There are many ways to ignore the row with a zero divisor, including: awk '$3 != 0 { print $1/$3 }' your-data-file awk '{ if ($3 != 0) print $1/$3 }' your-data-file The question changed — to print 0 instead. The answer is not much harder: awk '{ if ($3 != 0) print $1/$3; else print 0 }' your-data-file Medians and other percentiles are much fiddlier to deal with. It's easiest if the data is in sorted order. So much easier that I'd expect to use a numeric sort and then process the data from there. I dug out an old shell script which computes descriptive statistics - min, max, mode, median, and deciles of a single numeric column of data: : "#(#)$Id: dstats.sh,v 1.2 1997/06/02 21:45:00 johnl Exp $" # # Calculate Descriptive Statistics: min, max, median, mode, deciles sort -n $* | awk 'BEGIN { max = -999999999; min = 999999999; } { # Accumulate basic data count[$1]++; item[++n] = $1; if ($1 > max) max = $1; if ($1 < min) min = $1; } END { # Print Descriptive Statistics printf("# Count = %d\n", n); printf("# Min = %d\n", min); decile = 1; for (decile = 10; decile < 100; decile += 10) { idx = int((decile * n) / 100) + 1; printf("# %d%% decile = %d\n", decile, item[idx]); if (decile == 50) median = item[idx]; } printf("# Max = %d\n", max); printf("# Median = %d\n", median); for (i in count) { if (count[i] > count[mode]) mode = i; } printf("# Mode = %d\n", mode); }' The initial values of min and max are not exactly scientific. It serves to illustrate a point. (This 1997 version is almost identical to its 1991 predecessor - all except for the version information line is identical, in fact. So, the code is over 20 years old.)
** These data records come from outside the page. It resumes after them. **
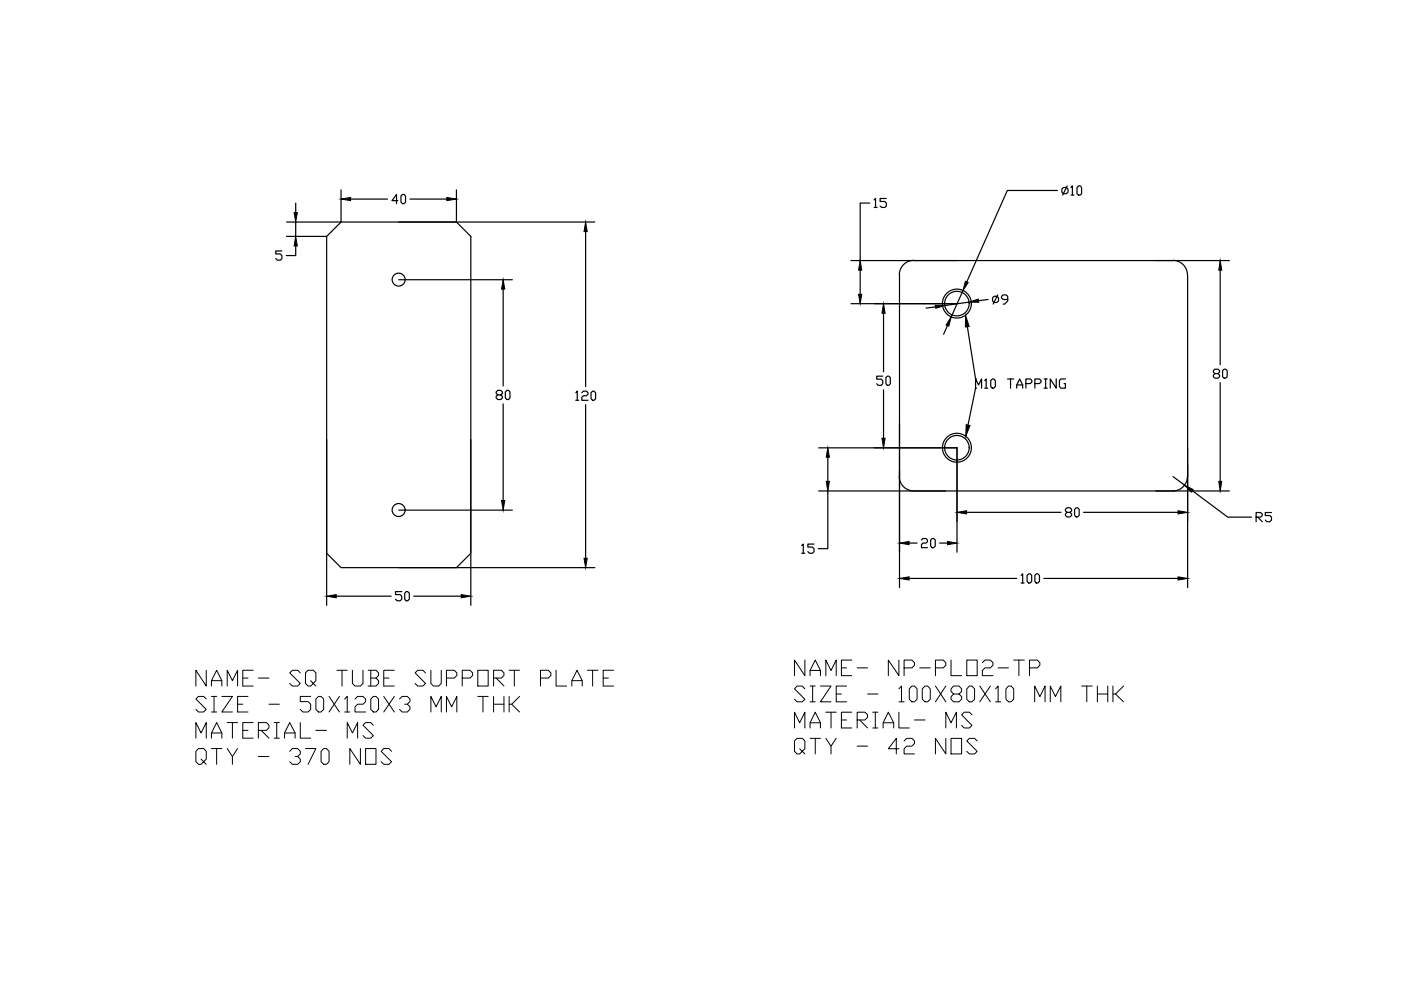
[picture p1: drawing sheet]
<svg xmlns="http://www.w3.org/2000/svg" width="297mm" height="210mm" viewBox="0 0 297 210" stroke-linecap="round" stroke-linejoin="round" font-family="sans-serif">
<defs><g id="words">
<text font-size="5.3" x="206" y="83.6">M10 TAPPING</text>
</g></defs>
<!-- layer: 0 -->
<g fill="none" stroke="#000" stroke-width=".25">
<path d="M226.3 39.4l-1 2M227.1 39.8l.3-.4v2M228.3 39.8l.4-.4h.3l.3 .4v1.3l-.3 .3h-.3l-.4-.3zM59.8 53.2h-1.3v.6h.9l.4 .4v.6l-.4 .4h-.6l-.3-.4M60.7 50.1h8.6M62.7 52.2v2h-2M62.7 43.1v2M62.7 47.1v3M69.3 50.1l3-3h24.5l3 3v67.2l-3 3.1h-24.5l-3-3.1zM72.3 40.3v6.8h-11.6M74.3 42.2h7.9M84.4 42.5h-1.3l1-1.3v2"/>
<path d="M84.5 47.1h41.6M84.5 59.3h24.1M85 41.6l.3-.4h.4l.3 .4v1.2l-.3 .4h-.4l-.3-.4zM86.9 42.2h7.8M96.8 40.3v6.8M124.2 49.1v32.9M180.4 55.2h80.2M182.4 57.3v5.1M184.4 43.1h-2v12.1M185.3 42.4l.3-.3v1.9M185.3 44h.7M187.9 42.1h-1.3v.6h1l.3 .4v.6l-.3 .3h-.7l-.3-.3"/>
<path d="M190.7 58.3v66.3M193.7 55.2a3.1 3.1 0 0 0-3 3.1M224.2 40.4h-10.6l-8.6 19.4M225.1 40.1l.4-.3h.6l.3 .3v.6l-.3 .4h-.6l-.4-.4zM227.1 41.4h.6M248.7 55.2a3.1 3.1 0 0 1 3.1 3.1M251.8 58.3v66.3M258.7 57.3v20M106.7 61.3v20.5M180.4 64.4h22.5M187.2 79.8h-1.3v.6h1l.3 .3v.7l-.3 .3h-.7l-.3-.3M187.3 66.4v12.4"/>
<path d="M188.1 79.8h.4l.3 .3v1.3l-.3 .3h-.4l-.3-.3v-1.3zM198.4 65.1l-2.1 .2M200.9 69l-.8 1.9M204.2 61.6l-2.5 5.6M205.1 69.3l1.7 11h.3M205.5 64.1l-5.1 .7M209.5 63.5l-2 .3M210.7 62.8h.7l.3 .4v.6l-.3 .3h-.7l-.3-.3v-.6zM211.5 62.5l-.9 2M213.7 63.5h-1l-.4-.3v-.4l.4-.3h.6l.4 .3v1l-.7 .7h-.3M257.6 79.2l-.3-.3v-.3l.3-.3h.6l.4 .3v.3l-.4 .3h-.6l-.3 .3v.4l.3 .3h.6l.4-.3v-.4l-.4-.3M259.2 78.6l.3-.3h.3l.4 .3v1.3l-.4 .3h-.3l-.3-.3z"/>
<path d="M69.3 93.2v35.2M99.8 93.2v35.2M105.5 83.7l-.3-.3v-.3l.3-.3h.7l.3 .3v.3l-.3 .3h-.7l-.3 .3v.4l.3 .3h.7l.3-.3v-.4l-.3-.3M106.7 85.6v20.5M107.1 83.1l.4-.3h.3l.3 .3v1.3l-.3 .3h-.3l-.4-.3zM122.1 83.3l.3-.4v2M122.1 84.9h.6M123.4 83.3l.3-.4h.6l.4 .4v.3l-.4 .3h-.6l-.3 .3v.7h1.3M124.2 85.8v32.6M125.3 83.3l.3-.4h.3l.4 .4v1.2l-.4 .4h-.3l-.3-.4zM173.6 95h29.3v22.1M175.5 96.9v5.2"/>
<path d="M187.3 82.6v10.3M207.1 82.3h-.3l-1.6 7.8M258.7 81.1v21M84.5 108.2h24.1M170 115.7l.3-.3v1.9M170 117.3h.6M172.6 115.4h-1.3v.6h1l.3 .3v.7l-.3 .3h-.7l-.3-.3M173.6 104.1h87M175.5 104.1v12.2h-2M190.7 101a3.1 3.1 0 0 0 3 3.1M192.7 115.1h1.7M195.4 114.5l.3-.3h.6l.3 .3v.4l-.3 .2h-.6l-.3 .4v.6h1.2"/>
<path d="M197.6 114.2h.4l.3 .3v1.3l-.3 .3h-.4l-.3-.3v-1.3zM199.2 115.1h1.7M204.9 108.6h20.1M226.2 108.6l-.3-.3v-.3l.3-.3h.7l.3 .3v.3l-.3 .3h-.7l-.3 .4v.3l.3 .3h.7l.3-.3v-.3l-.3-.4M227.8 108l.4-.3h.3l.3 .3v1.3l-.3 .3h-.3l-.4-.3zM229.7 108.6h20.1M248.7 101l2.5 1.9M251.8 101a3.1 3.1 0 0 1-3.1 3.1M252.8 104.1l7.5 5.5h5.1M266.3 109.6h1l.3-.3v-.3l-.3-.3h-1v1.9M266.7 109.6l.9 1M269.6 108.7h-1.3v.6h.9l.4 .3v.7l-.4 .3h-.6l-.3-.3"/>
<path d="M71.3 126.4h11.6M84.5 120.4h41.6M85.2 125.4h-1.3v.7h.9l.4 .3v.6l-.4 .4h-.6l-.3-.4M86.1 125.4h.3l.4 .4v1.2l-.4 .4h-.3l-.3-.4v-1.2zM87.7 126.4h10.1M192.7 122.6h22.9M216.5 122l.3-.3v1.9M216.5 123.6h.6M217.8 122l.3-.3h.3l.3 .3v1.3l-.3 .3h-.3l-.3-.3zM219.7 121.7h.3l.4 .3v1.3l-.4 .3h-.3l-.3-.3v-1.3zM221.3 122.6h28.5"/>
<circle cx="84.5" cy="59.3" r="1.38"/>
<circle cx="202.9" cy="64.4" r="3.1"/>
<circle cx="202.9" cy="64.4" r="2.6"/>
<circle cx="202.9" cy="94.9" r="3.1"/>
<circle cx="202.9" cy="94.9" r="2.6"/>
<circle cx="84.5" cy="108.1" r="1.38"/>
</g>
<g fill="#000" stroke="#000" stroke-width=".21">
<path d="M62.4 45.1h.6l-.3 2zM62.7 50.1l.3 2.1h-.6zM72.3 42.2l2-.3v.6zM94.7 41.9l2.1 .3-2.1 .3zM124.2 47.1l.3 2h-.7zM182.4 55.2l.3 2.1h-.7zM204.7 59.6l.6 .3-1.1 1.7zM258.7 55.2l.3 2.1h-.6zM106.7 59.3l.3 2h-.7zM182 62.4h.7l-.3 2zM187.3 64.4l.4 2h-.7zM198.3 64.7l2.1 .1-2 .6z"/>
<path d="M201.7 67.2l-.5 2-.6-.3zM204.7 66.9l.8 2.3-.8 .1zM205.5 64.1l1.9-.7 .1 .7zM175.5 95l.4 1.9h-.7zM187 92.9h.7l-.4 2.1zM204.9 90l.8 .2-.9 2.3zM106.3 106.1h.7l-.3 2.1zM123.8 118.4h.7l-.3 2zM175.2 102.1h.7l-.4 2zM190.7 115.1l2-.3v.7zM200.9 114.8l2 .3-2 .4zM202.9 108.6l2-.3v.7z"/>
<path d="M249.8 108.3l2 .3-2 .4zM251.2 102.9l1.8 .9-.4 .6zM258.4 102.1h.6l-.3 2zM69.3 126.4l2-.3v.6zM97.8 126.1l2 .3-2 .3zM190.7 122.6l2-.3v.7zM249.8 122.3l2 .3-2 .4z"/>
</g>
<g fill="none" stroke="#000" stroke-width=".21">
<path d="M170.6 140v3.3l-2.2-3.3v3.3M180.6 140h-2.2v3.3h2.2M190.6 140v3.3l-2.3-3.3v3.3M201.6 140v3.3h2.3M205 140h2.2v3.3h-2.2zM214.9 140h2.3M216 140v3.3M41.5 156.5v-3.3l1.1 2.2 1.1-2.2v3.3M43.7 142.1v3.4l-2.2-3.4v3.4M43.7 148.2l-.5-.5h-1.1l-.6 .5 2.2 2.2-.5 .6h-1.1l-.6-.6M44.8 145.5v-1.2l1.1-2.2 1.1 2.2v1.2M44.8 156.5v-1.1l1.1-2.2 1.1 2.2v1.1"/>
<path d="M44.8 144.3h2.2M44.8 147.7h1.1M44.8 151h1.1M44.8 155.4h2.2M44.8 158.7h2.2M45.4 147.7v3.3M45.9 158.7v3.4M47 147.7h2.3l-2.3 3.3h2.3M48.2 145.5v-3.4l1.1 2.2 1.1-2.2v3.4M48.2 158.7l1.1 1.7v1.7M48.2 153.2h2.2M49.3 153.2v3.3"/>
<path d="M50.4 149.3h1.1M50.4 158.7l-1.1 1.7M51.5 143.8h1.1M51.5 154.9h1.1M52.6 147.7h-2.2v3.3h2.2M53.7 142.1h-2.2v3.4h2.2M53.7 153.2h-2.2v3.3h2.2M54.8 154.9h1.7l.5-.6v-.5l-.5-.6h-1.7v3.3M54.8 143.8h2.2M55.4 154.9l1.6 1.6M57 149.3h2.2M58.1 153.2h1.1"/>
<path d="M58.1 156.5h1.1M58.7 153.2v3.3M60.3 156.5v-1.1l1.1-2.2 1.2 2.2v1.1M60.3 155.4h2.3M61.4 159.3l.6-.6h1.1l.6 .6v.6l-.6 .5h-.5M63.7 142.7l-.6-.6h-1.1l-.6 .6 2.3 2.2-.6 .6h-1.1l-.6-.6M63.7 153.2v3.3h2.2M64.8 158.7h2.2l-1.7 3.4M65.9 144.3l.5 .6-.5 .6h-.6l-.5-.6v-2.2l.5-.6h1.1l.6 .6v1.6l-.6 .6 .6 .6M65.9 147.7h-2.2v1.1h1.6l.6 .5v1.1l-.6 .6h-1.1l-.5-.6M67 148.2l.5-.5h.6l.5 .5v2.2l-.5 .6h-.6l-.5-.6zM67 154.9h2.2"/>
<path d="M68.6 158.7h.6l.6 .6v2.2l-.6 .6h-.6l-.5-.6v-2.2zM69.8 147.7l2.2 3.3M71.4 142.1h2.2M72 147.7l-2.2 3.3M72.5 142.1v3.4M73.1 148.2l.5-.5v3.3M73.1 151h1.1M73.6 156.5v-3.3l1.1 2.2 1.1-2.2v3.3M74.7 142.1v2.8l.6 .6h1.1l.6-.6v-2.8M75.3 148.2l.5-.5h1.2l.5 .5v.6l-.5 .5h-1.2l-.5 .6v1.1h2.2M76.4 158.7v3.4l-2.2-3.4v3.4M77.5 158.7h2.2v3.4h-2.2z"/>
<path d="M78.1 142.1h1.6l.6 .6v.5l-.6 .6M78.6 143.8h1.1l.6 .5v.6l-.6 .6h-1.6M78.6 148.2l.6-.5h.5l.6 .5v2.2l-.6 .6h-.5l-.6-.6zM78.6 142.1v3.4M79.2 153.8l-.6-.6h-1.1l-.5 .6 2.2 2.2-.6 .5h-1.1l-.5-.5M81.4 143.8h1.1M81.4 147.7l2.2 3.3M83 159.3l-.5-.6h-1.1l-.6 .6 2.2 2.2-.5 .6h-1.1l-.6-.6M83.6 142.1h-2.2v3.4h2.2M83.6 147.7l-2.2 3.3M84.7 148.2l.6-.5h1.1l.5 .5v.6l-.5 .5h-.6M86.4 149.3l.5 .6v.5l-.5 .6h-1.1l-.6-.6"/>
<path d="M90.2 142.7l-.5-.6h-1.1l-.6 .6 2.2 2.2-.5 .6h-1.1l-.6-.6M91.4 142.1v2.8l.5 .6h1.1l.6-.6v-2.8M91.4 151v-3.3l1.1 2.2 1.1-2.2v3.3M94.7 143.8h1.6l.6-.6v-.5l-.6-.6h-1.6v3.4M94.7 151v-3.3l1.1 2.2 1.1-2.2v3.3M98 143.8h1.7l.5-.6v-.5l-.5-.6h-1.7v3.4M101.3 142.1h2.2v3.4h-2.2zM101.3 147.7h2.2M102.4 147.7v3.3M104.6 143.8h1.7l.5-.6v-.5l-.5-.6h-1.7v3.4M104.6 149.3h2.2M104.6 147.7v3.3"/>
<path d="M105.2 143.8l1.6 1.7M106.8 147.7v3.3M108 142.1h2.2M108 147.7v3.3M108.5 149.3l1.7 1.7M109.1 142.1v3.4M110.2 147.7l-1.7 1.6h-.5M114.6 143.8h1.6l.6-.6v-.5l-.6-.6h-1.6v3.4M117.9 142.1v3.4h2.2M121.2 145.5v-1.2l1.1-2.2 1.1 2.2v1.2M121.2 144.3h2.2M124.5 142.1h2.3"/>
<path d="M125.6 142.1v3.4M127.9 143.8h1.1M130.1 142.1h-2.2v3.4h2.2M168.4 154.3v-3.3l1.1 2.2 1.1-2.2v3.3M169.5 158.8l.6 .5-.6 .6h-.5l-.6-.6v-2.2l.6-.6h1.1l.5 .6v1.7l-.5 .5 .5 .6M170.6 146.1l-.5-.6h-1.1l-.6 .6 2.2 2.2-.5 .5h-1.1l-.6-.5M171.7 143.3v-1.1l1.1-2.2 1.1 2.2v1.1M171.7 154.3v-1.1l1.1-2.2 1.1 2.2v1.1M171.7 145.5h1.1M171.7 156.5h2.2M171.7 142.2h2.2M171.7 148.8h1.1"/>
<path d="M171.7 153.2h2.2M172.3 145.5v3.3M172.8 156.5v3.4M173.9 145.5h2.3l-2.3 3.3h2.3M175.1 143.3v-3.3l1.1 2.2 1.1-2.2v3.3M175.1 156.5l1.1 1.7v1.7M175.1 151h2.2M176.2 151v3.3M177.3 147.2h1.1M177.3 156.5l-1.1 1.7M178.4 141.6h1.1M178.4 152.7h1.1"/>
<path d="M179.5 145.5h-2.2v3.3h2.2M180.6 151h-2.2v3.3h2.2M181.7 152.7h1.7l.5-.6v-.5l-.5-.6h-1.7v3.3M181.7 141.6h2.2M181.7 158.2h2.2M182.3 152.7l1.6 1.6M183.9 147.2h2.2M185 151h1.1M185 154.3h1.1M185.6 151v3.3M187.2 154.3v-1.1l1.1-2.2 1.2 2.2v1.1M187.2 153.2h2.3"/>
<path d="M190.6 146.1l.5-.6v3.3M190.6 151v3.3h2.2M190.6 158.8h-2.3l1.7-2.3v3.4M190.6 148.8h1.1M191.7 141.6h1.6l.6-.5v-.6l-.6-.5h-1.6v3.3M191.7 157.1l.5-.6h1.1l.6 .6v.5l-.6 .6h-1.1l-.5 .6v1.1h2.2M193.3 145.5h.6l.5 .6v2.2l-.5 .5h-.6l-.5-.5v-2.2zM193.9 152.7h2.2M195 141.6h2.2M195.5 146.1l.6-.6h.6l.5 .6v2.2l-.5 .5h-.6l-.6-.5zM198.3 141.6h1.7l.5-.5v-.6l-.5-.5h-1.7v3.3M198.3 145.5l2.2 3.3"/>
<path d="M200.5 154.3v-3.3l1.1 2.2 1.2-2.2v3.3M200.5 156.5v3.4l-2.2-3.4v3.4M200.5 145.5l-2.2 3.3M201.6 156.5h2.3v3.4h-2.3zM202.2 147.2l-.6-.6v-.5l.6-.6h1.1l.6 .6v.5l-.6 .6h-1.1l-.6 .5v.6l.6 .5h1.1l.6-.5v-.6l-.6-.5M205.5 145.5h.6l.5 .6v2.2l-.5 .5h-.6l-.5-.5v-2.2zM206.1 151.6l-.6-.6h-1.1l-.5 .6 2.2 2.2-.6 .5h-1.1l-.5-.5M207.2 157.1l-.6-.6h-1.1l-.5 .6 2.2 2.2-.6 .6h-1.1l-.5-.6M207.7 145.5l2.3 3.3M208.3 140.5l.5-.5h1.2l.5 .5v.6l-.5 .5h-1.2l-.5 .6v1.1h2.2M210 145.5l-2.3 3.3M211.1 146.1l.5-.6v3.3"/>
<path d="M211.1 148.8h1.1M211.6 141.6h2.2M213.8 145.5h.6l.5 .6v2.2l-.5 .5h-.6l-.5-.5v-2.2zM218.3 141.6h1.6l.6-.5v-.6l-.6-.5h-1.6v3.3M219.4 148.8v-3.3l1.1 2.2 1.1-2.2v3.3M222.7 148.8v-3.3l1.1 2.2 1.1-2.2v3.3M229.3 145.5h2.3M230.4 145.5v3.3M232.7 147.2h2.2M232.7 145.5v3.3M234.9 145.5v3.3M236 145.5v3.3"/>
<path d="M236.5 147.2l1.7 1.6M238.2 145.5l-1.7 1.7h-.5M42.6 161l.6 .5-.6 .6h-.5l-.6-.6v-2.2l.6-.6h1.1l.5 .6v1.7l-.5 .5 .5 .6M54.8 160.4h2.2M63.1 160.4l.6 .6v.5l-.6 .6h-1.1l-.6-.6"/>
</g>
<use href="#words"/>
</svg>

Here's one solution: awk ' $3 != 0 { vals[$NR]=$1/$3; sum += vals[$NR]; print vals[$NR] } $3 == 0 { vals[$NR]=0; print "skipping division by 0" } END { sort vals; print "Mean = " sum/$NR ", Median ~ " vals[$NR/2] } ' < your_file This will calculate, print, and accumulate the quotients if the 3rd column is not zero. When it reaches the end of your file (which should not have an empty line), it will print the mean and median of all the quotients, assuming 0 for each line in which it would have divided by zero. In awk, $n means the nth field, starting with 1, and $NR means the number of records (that is, the number of lines) that have been processed. Each quotient is stored in the array vals, enabling us to calculate the median value. In real life, the median is defined as the "middle" item given an odd number of elements, or the mean of the two "middle" items given an even number of elements. And you're on your own when it comes to implementing the sort function!